**TASK STATEMENT**
Every line below containing the word "none" should be found and copied.

**RECORDS TO PROCESS**
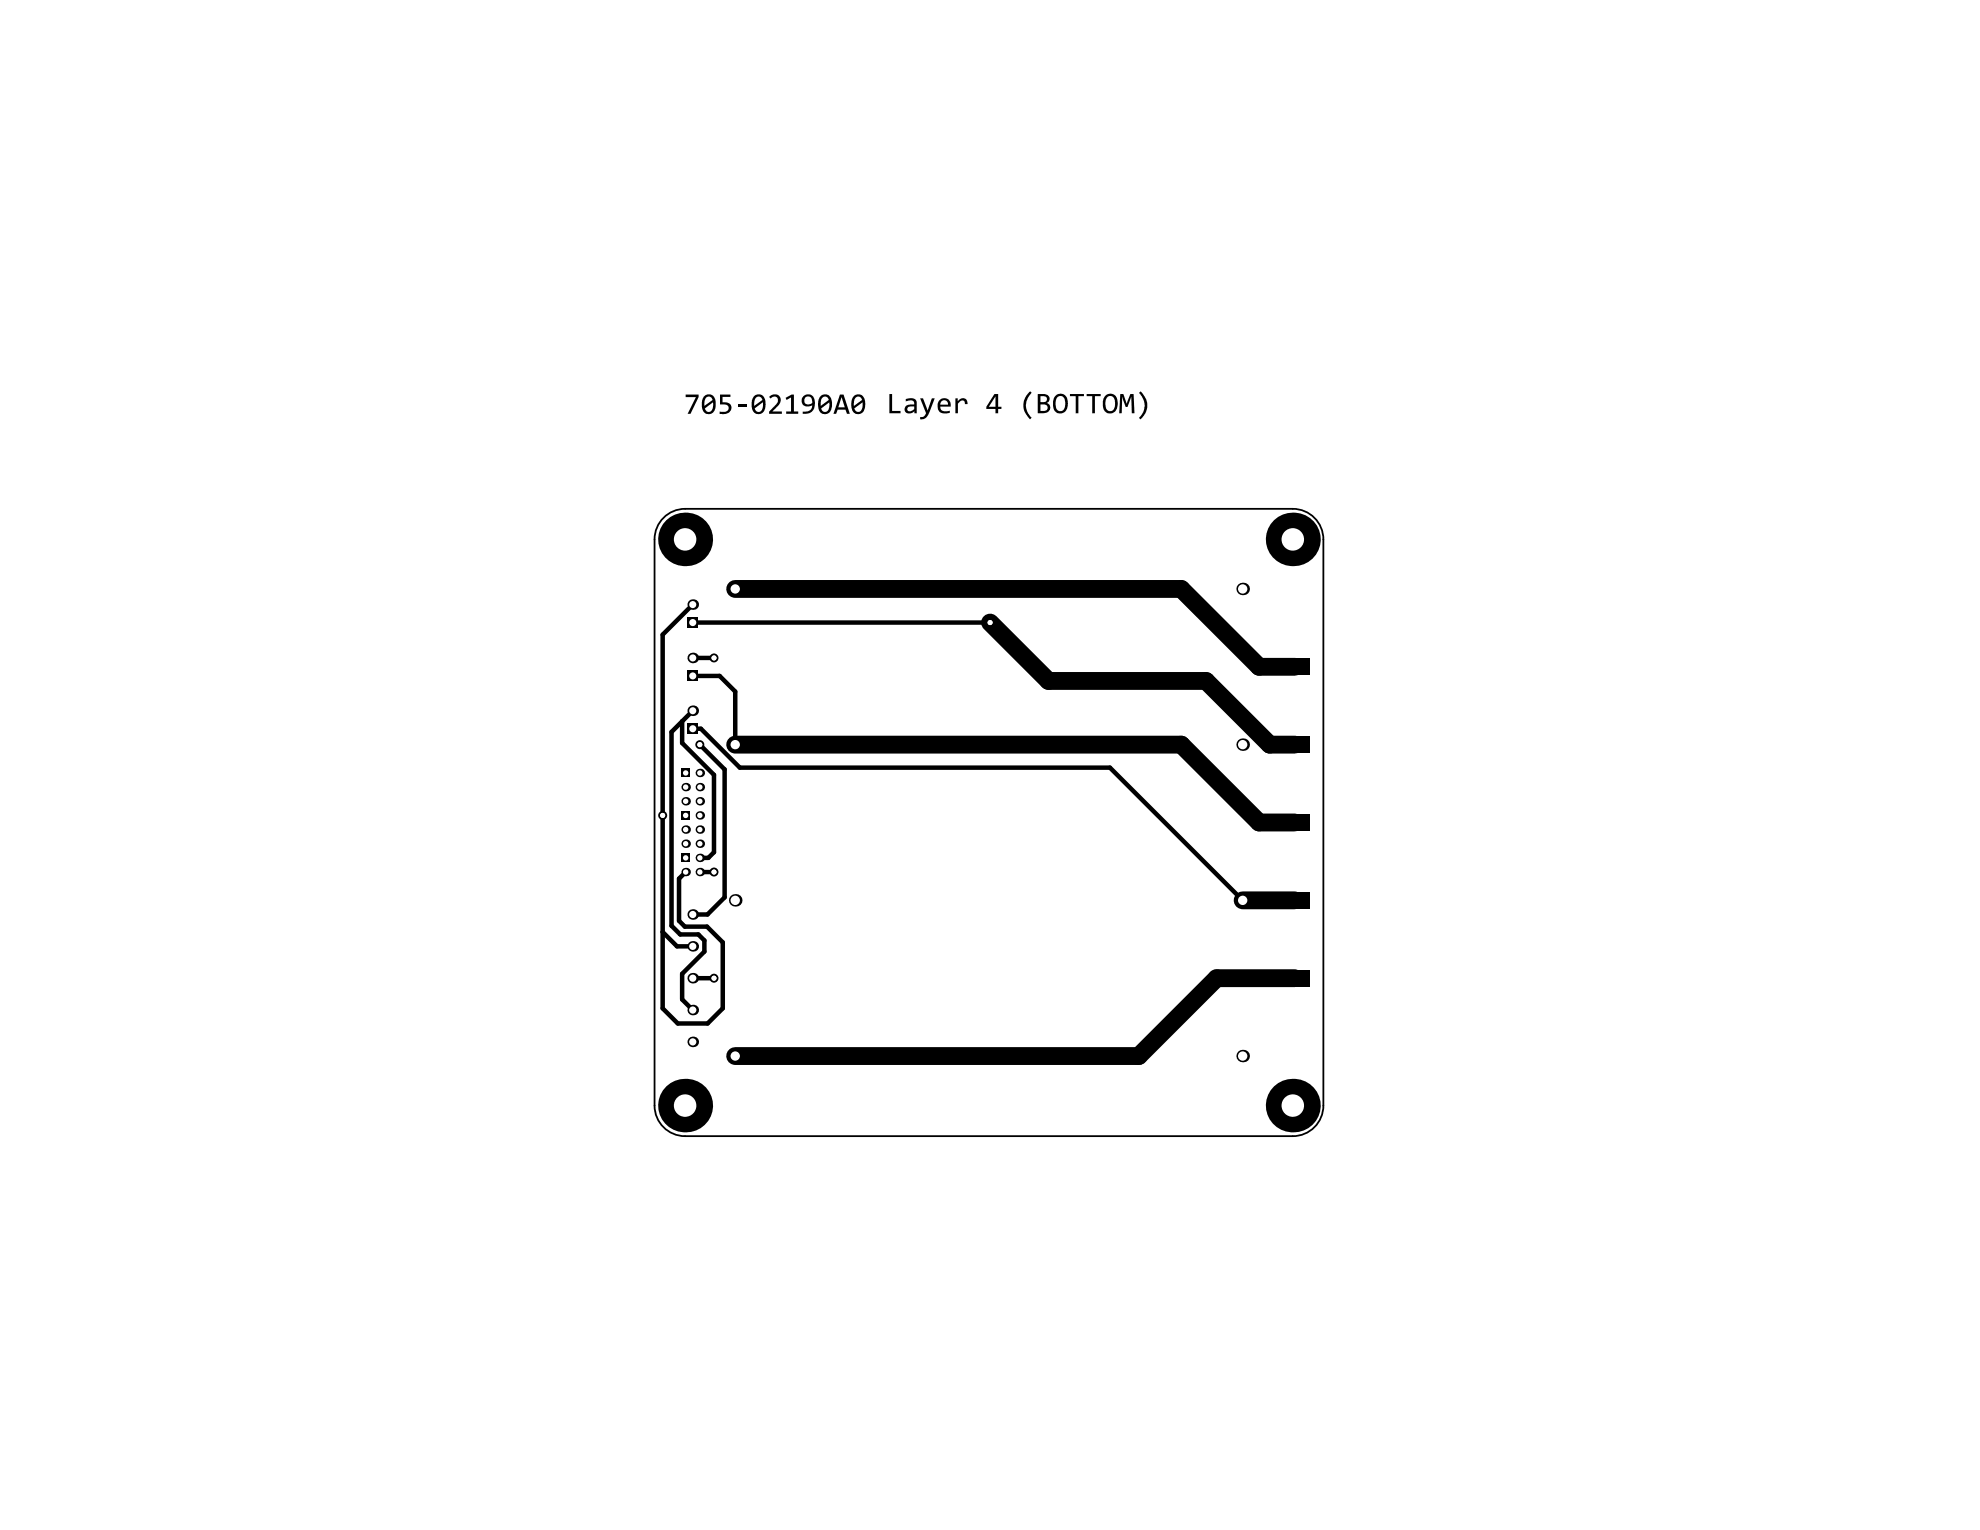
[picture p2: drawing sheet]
<svg xmlns="http://www.w3.org/2000/svg" width="279mm" height="216mm" viewBox="0 0 279 216" stroke-linecap="round" stroke-linejoin="round" font-family="sans-serif">
<path d="M97.8 85.3l-4.3 4.3v52.7l2.1 2.1h4.3l2.1-2.1v-9.3l-2.2-2.2h-3.2l-.8-.9v-5.9l1-.9M97.8 95.4h3.7l2.2 2.2v7.5M97.8 92.8h3M97.8 87.9h41.9M96.3 101.8v3l4.5 4.5v11l-.8 .8h-1.2M97.8 100.3l-3 3v27.3l1.2 1.3h2.5l.9 .8v1.6l-3.1 3.1v3.6l1.5 1.5M97.8 102.8h1.1l5.5 5.5h52.2l18.8 18.7M98.8 105.1l3.5 3.5v18l-2.5 2.4h-2M93.5 131.5l2 2h2.3M97.8 138h3M98.8 123.1h2" fill="none" stroke="#000" stroke-width=".63"/>
<g fill="#000">
<path d="M125.5 55.6h.4v2.4h1.2v.3h-1.6zM129.8 56.2h.4l.7 1.7 .6-1.7h.4l-1 2.5a.99 .99 0 0 1-1.1 .5v-.4h.2a.72 .72 0 0 0 .7-.5zM134.8 56.2h.3l.1 .4a.72 .72 0 0 1 .8-.4 .72 .72 0 0 1 .5 .8h-.3a.43 .43 0 0 0-.3-.5 .43 .43 0 0 0-.6 .3l-.1 .2v1.3h-.4zM145.2 55.4l.2-.2 .2 .2a2.35 2.35 0 0 0 0 3.6l-.3 .2a2.55 2.55 0 0 1-.1-3.8zM151 55.6h2v.3h-.8v2.4h-.4v-2.4h-.8zM153.3 55.6h2v.3h-.8v2.4h-.4v-2.4h-.8zM158.1 55.6h.4l.5 1.4 .5-1.4h.5l.1 2.7h-.4l-.1-2.3-.5 1.4h-.3l-.5-1.4v2.3h-.4zM160.7 55.5l.3-.3a2.49 2.49 0 0 1 .8 2.7l-.4 .8-.5 .5-.2-.2 .3-.4a2.26 2.26 0 0 0-.3-3.1z"/>
<path d="M128.1 57.5a.38 .38 0 0 0 .1 .5 .38 .38 0 0 0 .6-.1l.2-.2v-.3zM127.8 56.3l.6-.1 .6 .1a.57 .57 0 0 1 .4 .6v1.4h-.4v-.3l-.6 .3a.65 .65 0 0 1-.8-.6 .65 .65 0 0 1 .9-.6h.5v-.2a.53 .53 0 0 0-.9-.3h-.3z"/>
<path d="M132.8 56.6l-.1 .5h1.1v-.3l-.2-.2a.52 .52 0 0 0-.8 0zM132.6 56.5l.4-.3a.95 .95 0 0 1 1.2 1.2h-1.5a.8 .8 0 0 0 1.2 .6h.1v.3h-.5a1.1 1.1 0 0 1-1.1-.5 1.1 1.1 0 0 1 .2-1.3z"/>
<path d="M140.5 55.9l-1 1.5h1zM140.3 55.6h.6v1.8h.4v.3h-.4v.6h-.4v-.6h-1.3v-.3z"/>
<path d="M146.8 55.9v.8h.4a.42 .42 0 0 0 .5-.4 .42 .42 0 0 0-.5-.4zM146.8 57.1v.9h.4a.47 .47 0 0 0 .6-.5 .47 .47 0 0 0-.6-.4zM146.4 55.6h.8a.67 .67 0 0 1 .9 .4 .67 .67 0 0 1-.4 .9h.2l.2 .3a.83 .83 0 0 1-.1 .8 .83 .83 0 0 1-.9 .3h-.7z"/>
<path d="M149.2 56.1l-.2 .5v.8a.66 .66 0 0 0 .8 .6 .66 .66 0 0 0 .5-.8v-.5l-.2-.5a.59 .59 0 0 0-.9-.1zM148.9 55.9v-.1a1.04 1.04 0 0 1 1.3-.1 1.04 1.04 0 0 1 .5 1.1v.2a1.07 1.07 0 0 1-.6 1.2 1.07 1.07 0 0 1-1.4-.3l-.1-.6v-.7z"/>
<path d="M156.2 56.1l-.2 .7 .1 .8a.64 .64 0 0 0 .7 .4 .64 .64 0 0 0 .5-.7v-.8a.62 .62 0 0 0-.4-.6 .62 .62 0 0 0-.7 .2zM155.9 55.9h.1a1.05 1.05 0 0 1 1.2-.2 1.05 1.05 0 0 1 .5 1.1v.3a1.1 1.1 0 0 1-.5 1.1 1.1 1.1 0 0 1-1.2-.1l-.2-.3-.2-.5 .1-1z"/>
<circle cx="98.8" cy="113.1" r=".32"/>
<circle cx="100.8" cy="123.1" r=".63"/>
<circle cx="97.8" cy="142.5" r=".32"/>
</g>
<path d="M103.7 83.1h63l11 11h5M139.7 87.9l8.3 8.2h22.2l9 9h3.5M103.7 105.1h63l11 11h5M175.4 127h7.3M182.7 138h-11l-11 11h-57" fill="none" stroke="#000" stroke-width="2.5"/>
<circle cx="100.8" cy="123.1" r=".36" fill="#fff"/>
<circle cx="98.8" cy="105.1" r=".63" fill="#000"/>
<circle cx="98.8" cy="105.1" r=".36" fill="#fff"/>
<circle cx="93.5" cy="115.1" r=".63" fill="#000"/>
<circle cx="93.5" cy="115.1" r=".36" fill="#fff"/>
<circle cx="139.7" cy="87.9" r=".63" fill="#000"/>
<circle cx="139.7" cy="87.9" r=".36" fill="#fff"/>
<circle cx="100.8" cy="92.8" r=".63" fill="#000"/>
<circle cx="100.8" cy="92.8" r=".36" fill="#fff"/>
<circle cx="100.8" cy="138" r=".63" fill="#000"/>
<circle cx="100.8" cy="138" r=".36" fill="#fff"/>
<circle cx="96.8" cy="123.1" r=".6" fill="#000"/>
<circle cx="96.8" cy="123.1" r=".38" fill="#fff"/>
<path d="M96.2 120.5h1.2v1.2h-1.2z" fill-rule="evenodd" fill="#000"/>
<circle cx="96.8" cy="121.1" r=".38" fill="#fff"/>
<circle cx="96.8" cy="119.1" r=".6" fill="#000"/>
<circle cx="96.8" cy="119.1" r=".38" fill="#fff"/>
<circle cx="96.8" cy="117.1" r=".6" fill="#000"/>
<circle cx="96.8" cy="117.1" r=".38" fill="#fff"/>
<path d="M96.2 114.5h1.2v1.2h-1.2z" fill-rule="evenodd" fill="#000"/>
<circle cx="96.8" cy="115.1" r=".38" fill="#fff"/>
<circle cx="96.8" cy="113.1" r=".6" fill="#000"/>
<circle cx="96.8" cy="113.1" r=".38" fill="#fff"/>
<circle cx="96.8" cy="111.1" r=".6" fill="#000"/>
<circle cx="96.8" cy="111.1" r=".38" fill="#fff"/>
<path d="M96.2 108.5h1.2v1.2h-1.2z" fill-rule="evenodd" fill="#000"/>
<circle cx="96.8" cy="109.1" r=".38" fill="#fff"/>
<circle cx="98.8" cy="123.1" r=".6" fill="#000"/>
<circle cx="98.8" cy="123.1" r=".38" fill="#fff"/>
<circle cx="98.8" cy="121.1" r=".6" fill="#000"/>
<circle cx="98.8" cy="121.1" r=".38" fill="#fff"/>
<circle cx="98.8" cy="119.1" r=".6" fill="#000"/>
<circle cx="98.8" cy="119.1" r=".38" fill="#fff"/>
<circle cx="98.8" cy="117.1" r=".6" fill="#000"/>
<circle cx="98.8" cy="117.1" r=".38" fill="#fff"/>
<circle cx="98.8" cy="115.1" r=".6" fill="#000"/>
<circle cx="98.8" cy="115.1" r=".38" fill="#fff"/>
<circle cx="98.8" cy="113.1" r=".6" fill="#000"/>
<circle cx="98.8" cy="113.1" r=".38" fill="#fff"/>
<circle cx="98.8" cy="111.1" r=".6" fill="#000"/>
<circle cx="98.8" cy="111.1" r=".38" fill="#fff"/>
<circle cx="98.8" cy="109.1" r=".6" fill="#000"/>
<circle cx="98.8" cy="109.1" r=".38" fill="#fff"/>
<circle cx="97.8" cy="133.5" r=".75" fill="#000"/>
<circle cx="97.8" cy="133.5" r=".51" fill="#fff"/>
<circle cx="97.8" cy="92.8" r=".75" fill="#000"/>
<circle cx="97.8" cy="92.8" r=".5" fill="#fff"/>
<circle cx="103.7" cy="105.1" r=".88" fill="#000"/>
<circle cx="103.7" cy="105.1" r=".66" fill="#fff"/>
<circle cx="175.4" cy="105.1" r=".88" fill="#000"/>
<circle cx="175.4" cy="105.1" r=".66" fill="#fff"/>
<circle cx="97.8" cy="147" r=".75" fill="#000"/>
<circle cx="97.8" cy="147" r=".51" fill="#fff"/>
<circle cx="97.8" cy="142.5" r=".75" fill="#000"/>
<circle cx="97.8" cy="142.5" r=".51" fill="#fff"/>
<circle cx="97.8" cy="138" r=".75" fill="#000"/>
<circle cx="97.8" cy="138" r=".51" fill="#fff"/>
<circle cx="97.8" cy="129" r=".75" fill="#000"/>
<circle cx="97.8" cy="129" r=".51" fill="#fff"/>
<path d="M97 102.1h1.5v1.5h-1.5z" fill-rule="evenodd" fill="#000"/>
<circle cx="97.8" cy="102.8" r=".5" fill="#fff"/>
<path d="M97 94.6h1.5v1.5h-1.5z" fill-rule="evenodd" fill="#000"/>
<circle cx="97.8" cy="95.4" r=".5" fill="#fff"/>
<circle cx="97.8" cy="100.3" r=".75" fill="#000"/>
<circle cx="97.8" cy="100.3" r=".5" fill="#fff"/>
<path d="M97 87.1h1.5v1.5h-1.5z" fill-rule="evenodd" fill="#000"/>
<circle cx="97.8" cy="87.9" r=".5" fill="#fff"/>
<circle cx="103.7" cy="135" r=".5" fill="#000"/>
<circle cx="103.7" cy="135" r="1.19" fill="#fff"/>
<circle cx="103.7" cy="127" r=".88" fill="#000"/>
<circle cx="103.7" cy="127" r=".66" fill="#fff"/>
<circle cx="103.7" cy="91.1" r=".5" fill="#000"/>
<circle cx="103.7" cy="91.1" r="1.19" fill="#fff"/>
<circle cx="103.7" cy="83.1" r=".88" fill="#000"/>
<circle cx="103.7" cy="83.1" r=".66" fill="#fff"/>
<circle cx="111.9" cy="97.1" r=".5" fill="#000"/>
<circle cx="111.9" cy="97.1" r="1.73" fill="#fff"/>
<circle cx="175.4" cy="127" r=".88" fill="#000"/>
<circle cx="175.4" cy="127" r=".66" fill="#fff"/>
<circle cx="175.4" cy="97.1" r=".5" fill="#000"/>
<circle cx="175.4" cy="97.1" r="1.19" fill="#fff"/>
<circle cx="175.4" cy="83.1" r=".88" fill="#000"/>
<circle cx="175.4" cy="83.1" r=".66" fill="#fff"/>
<circle cx="96.7" cy="156" r="3.8" fill="#000"/>
<circle cx="96.7" cy="156" r="1.59" fill="#fff"/>
<circle cx="97.8" cy="85.3" r=".75" fill="#000"/>
<circle cx="97.8" cy="85.3" r=".5" fill="#fff"/>
<circle cx="96.7" cy="76.1" r="3.8" fill="#000"/>
<circle cx="96.7" cy="76.1" r="1.59" fill="#fff"/>
<circle cx="103.7" cy="149" r=".88" fill="#000"/>
<circle cx="103.7" cy="149" r=".66" fill="#fff"/>
<circle cx="111.9" cy="141" r=".5" fill="#000"/>
<circle cx="111.9" cy="141" r="1.73" fill="#fff"/>
<circle cx="112" cy="119.1" r=".5" fill="#000"/>
<circle cx="112" cy="119.1" r="1.73" fill="#fff"/>
<circle cx="112" cy="75.1" r=".5" fill="#000"/>
<circle cx="112" cy="75.1" r="1.73" fill="#fff"/>
<circle cx="175.4" cy="149" r=".88" fill="#000"/>
<circle cx="175.4" cy="149" r=".66" fill="#fff"/>
<circle cx="175.4" cy="141" r=".5" fill="#000"/>
<circle cx="175.4" cy="141" r="1.19" fill="#fff"/>
<circle cx="167.1" cy="113.1" r=".5" fill="#000"/>
<circle cx="167.1" cy="113.1" r="1.73" fill="#fff"/>
<circle cx="167.2" cy="91.1" r=".5" fill="#000"/>
<circle cx="167.2" cy="91.1" r="1.73" fill="#fff"/>
<circle cx="167.1" cy="157" r=".5" fill="#000"/>
<circle cx="167.1" cy="157" r="1.73" fill="#fff"/>
<circle cx="167.2" cy="135" r=".5" fill="#000"/>
<circle cx="167.2" cy="135" r="1.73" fill="#fff"/>
<circle cx="182.4" cy="156" r="3.8" fill="#000"/>
<circle cx="182.4" cy="156" r="1.59" fill="#fff"/>
<circle cx="182.4" cy="76.1" r="3.8" fill="#000"/>
<circle cx="182.4" cy="76.1" r="1.59" fill="#fff"/>
<g fill="#000">
<path d="M180.6 92.9h4.1v2.3h-4.1z" fill-rule="evenodd"/>
<path d="M180.6 114.9h4.1v2.3h-4.1z" fill-rule="evenodd"/>
<path d="M180.6 103.9h4.1v2.3h-4.1z" fill-rule="evenodd"/>
<path d="M180.6 136.9h4.1v2.3h-4.1z" fill-rule="evenodd"/>
<path d="M180.6 125.9h4.1v2.3h-4.1z" fill-rule="evenodd"/>
</g>
<path d="M93.4 73.3a4.3 4.3 0 0 1 3.3-1.5h85.7a4.3 4.3 0 0 1 4.3 4.3v79.9a4.3 4.3 0 0 1-4.3 4.3h-85.7a4.3 4.3 0 0 1-4.3-4.3v-79.9a4.3 4.3 0 0 1 1-2.8z" fill="none" stroke="#000" stroke-width=".25"/>
<g fill="#fff">
<circle cx="100.8" cy="123.1" r=".36"/>
<circle cx="98.8" cy="105.1" r=".36"/>
<circle cx="93.5" cy="115.1" r=".36"/>
<circle cx="139.7" cy="87.9" r=".36"/>
<circle cx="100.8" cy="92.8" r=".36"/>
<circle cx="100.8" cy="138" r=".36"/>
</g>
<g fill="#000">
<path d="M96.8 55.7h1.8v.3l-1.2 2.4h-.4l1.2-2.4h-1.4zM101.6 55.7h1.5v.3h-1.1v.8h.7a.83 .83 0 0 1 .5 1 .83 .83 0 0 1-1 .6h-.7v-.3h.7a.54 .54 0 0 0 .6-.5 .54 .54 0 0 0-.7-.5h-.5zM104.1 57.1h1.2v.3h-1.2zM108.6 56a.89 .89 0 0 1 1.4-.1 .89 .89 0 0 1-.2 1.3l-.8 .9h1.3v.3h-1.8v-.3l1.1-1.1 .2-.4a.55 .55 0 0 0-.4-.7 .55 .55 0 0 0-.7 .3zM110.9 56.1l.8-.4h.3v2.4h.6v.3h-1.7v-.3h.7v-2l-.6 .3z"/>
<path d="M99.6 56.1l-.2 .5v.7l1.1-.9a.52 .52 0 0 0-.3-.4 .52 .52 0 0 0-.6 .1zM99.5 57.6l.1 .3a.59 .59 0 0 0 .7 .2 .59 .59 0 0 0 .3-.7v-.6zM99.3 56a.97 .97 0 0 1 1.2-.3 .97 .97 0 0 1 .5 1.1v.3a1.02 1.02 0 0 1-.4 1.1 1.02 1.02 0 0 1-1.2 0l-.2-.3-.2-.5 .1-.8z"/>
<path d="M106.6 56.1l-.2 .5v.7l1.2-.9a.54 .54 0 0 0-1-.3zM106.5 57.6l.1 .2a.47 .47 0 0 0 .5 .3h.2l.2-.3 .2-.5-.1-.5zM106.3 56a.96 .96 0 0 1 1.2-.3 .96 .96 0 0 1 .5 1.1v.8a.96 .96 0 0 1-1.1 .8 .96 .96 0 0 1-.8-1.1v-.7z"/>
<path d="M113.6 56.1l-.1 .4a.45 .45 0 0 0 .5 .6l.2-.1a.41 .41 0 0 0 .4-.2 .41 .41 0 0 0 0-.4l-.2-.3a.53 .53 0 0 0-.6-.1zM113.3 56l.2-.2a.98 .98 0 0 1 1 0 .98 .98 0 0 1 .5 1v.1a1.3 1.3 0 0 1-1.5 1.5h-.2v-.3h.6l.4-.2 .3-.4v-.3l-.5 .2a.84 .84 0 0 1-.9-.4 .84 .84 0 0 1 .1-1z"/>
<path d="M116 56.1l-.2 .5v.7l1.2-.9-.4-.4h-.4zM115.9 57.6a.57 .57 0 0 0 .6 .5 .57 .57 0 0 0 .5-.6v-.7zM115.7 56a.95 .95 0 0 1 1.1-.3 .95 .95 0 0 1 .6 1v.8a.96 .96 0 0 1-1.1 .9 .96 .96 0 0 1-.8-1.1v-.6z"/>
<path d="M118.8 56l-.5 1.5h.9zM118.5 55.7h.5l.9 2.7h-.4l-.2-.6h-1.1l-.2 .6h-.4z"/>
<path d="M120.7 56.1l-.2 .5v.7l1.1-.9a.52 .52 0 0 0-.4-.4 .52 .52 0 0 0-.5 .1zM120.6 57.6v.1a.57 .57 0 0 0 .7 .4 .57 .57 0 0 0 .4-.6v-.7zM120.4 56a.96 .96 0 0 1 1.2-.3 .96 .96 0 0 1 .5 1.1v.7a.97 .97 0 0 1-1.1 .9 .97 .97 0 0 1-.9-1.1l.1-.8z"/>
</g>
</svg>

**RESULT**
<path d="M97.8 85.3l-4.3 4.3v52.7l2.1 2.1h4.3l2.1-2.1v-9.3l-2.2-2.2h-3.2l-.8-.9v-5.9l1-.9M97.8 95.4h3.7l2.2 2.2v7.5M97.8 92.8h3M97.8 87.9h41.9M96.3 101.8v3l4.5 4.5v11l-.8 .8h-1.2M97.8 100.3l-3 3v27.3l1.2 1.3h2.5l.9 .8v1.6l-3.1 3.1v3.6l1.5 1.5M97.8 102.8h1.1l5.5 5.5h52.2l18.8 18.7M98.8 105.1l3.5 3.5v18l-2.5 2.4h-2M93.5 131.5l2 2h2.3M97.8 138h3M98.8 123.1h2" fill="none" stroke="#000" stroke-width=".63"/>
<path d="M103.7 83.1h63l11 11h5M139.7 87.9l8.3 8.2h22.2l9 9h3.5M103.7 105.1h63l11 11h5M175.4 127h7.3M182.7 138h-11l-11 11h-57" fill="none" stroke="#000" stroke-width="2.5"/>
<path d="M93.4 73.3a4.3 4.3 0 0 1 3.3-1.5h85.7a4.3 4.3 0 0 1 4.3 4.3v79.9a4.3 4.3 0 0 1-4.3 4.3h-85.7a4.3 4.3 0 0 1-4.3-4.3v-79.9a4.3 4.3 0 0 1 1-2.8z" fill="none" stroke="#000" stroke-width=".25"/>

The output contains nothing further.